"Who?" snapped Teal, and burst past him into the room, to see the answer to his question lying still and sprawled out in the middle of the rich carpet.
It was Maurice Vould.
Teal went over to him. He could barely distinguish the puncture of the bullet in the back of Vould's dinner jacket, but the scar in his shirt-front was larger, with a spreading red stain under it. Teal opened the dead man's fingers and detached an old Italian dagger, holding it carefully in his handkerchief.
"What happened?" he asked.
"He started raving," said Yearleigh, "about that bill of mine. He said it would be better for me to die than to take that bill into the House. I said: 'Don't be silly,' and he grabbed that dagger — I use it as a paper-knife — off the desk, and attacked me. I threw him off, but he'd become a maniac. I got a drawer open and pulled out this revolver, meaning to frighten him. He turned to the window and yelled: 'Come in, comrades! Come in and kill!' I saw another man at the window with a scarf round his face, and fired at him. Maurice must have moved, or I must have been shaken up, or something, because I hit Maurice. The other man ran away."
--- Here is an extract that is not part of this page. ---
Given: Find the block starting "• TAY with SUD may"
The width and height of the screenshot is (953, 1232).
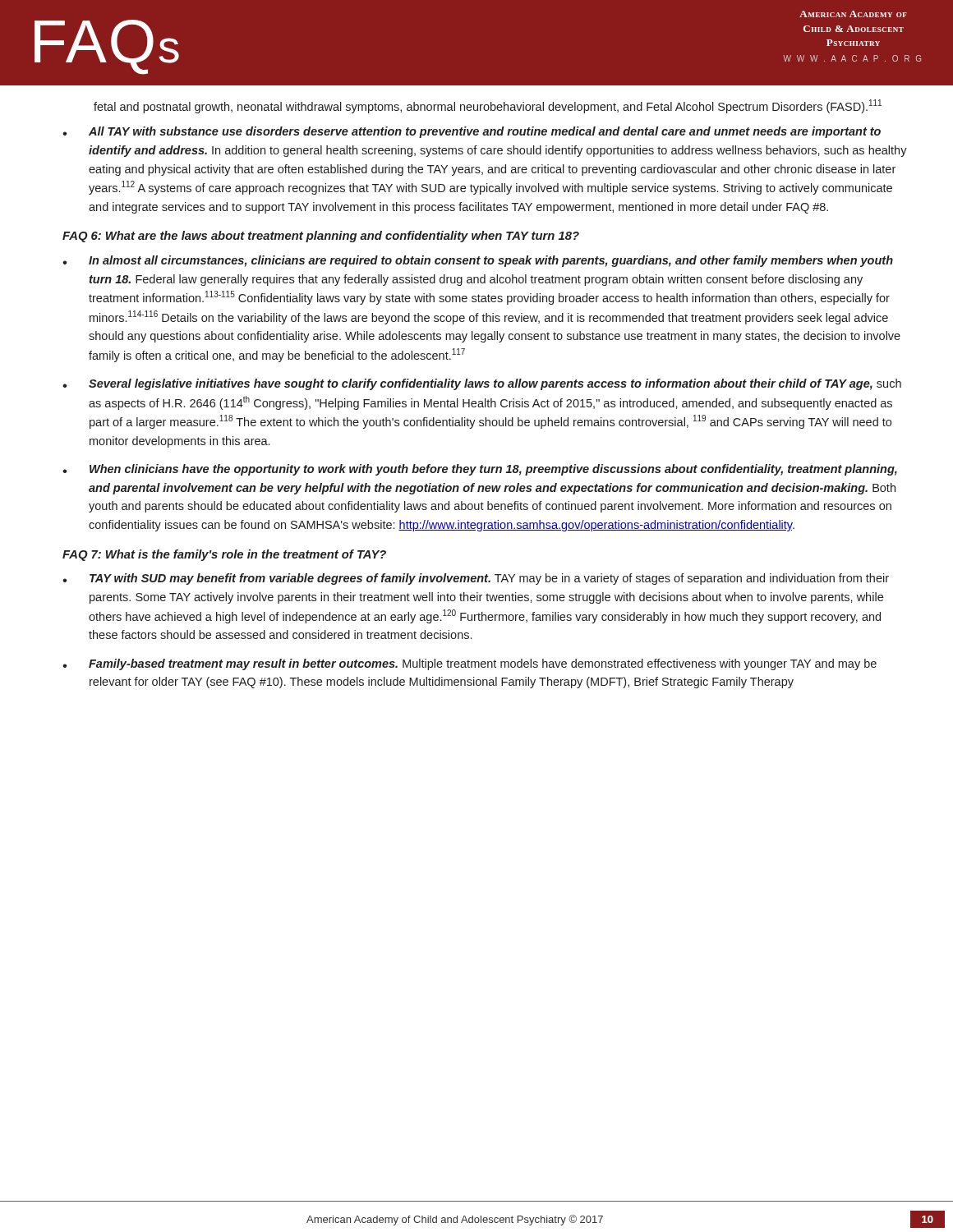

Still holding the knife, Teal turned and lumbered towards the open french windows. Ormer and Walmar, who had arrived while Yearleigh was talking, went after him more slowly; but the Saint was beside him when he stood outside, listening to the murmurs of the night.
In Teal's mind was a queer amazement and relief, that for once Simon Templar was proved innocent and he had not that possibility to contend with; and he looked at the Saint with half a mind to apologise for his suspicions. And then he saw that the Saint's face was deeply lined in the dim starlight, and he heard the Saint muttering in a terrible whisper: 'Oh, hell! It was my fault. It was my fault!"
"What do you mean?' asked the startled detective. Simon gripped him by the arm, and looked over his shoulder. Ormer and Walmar were behind them, venturing more cautiously into the dangerous dark. The Saint spoke louder.
"You've got your job to do," he said rather wildly."Photographers — finger-prints—"
"It's a dear case," protested Teal, as he felt himself being urged away.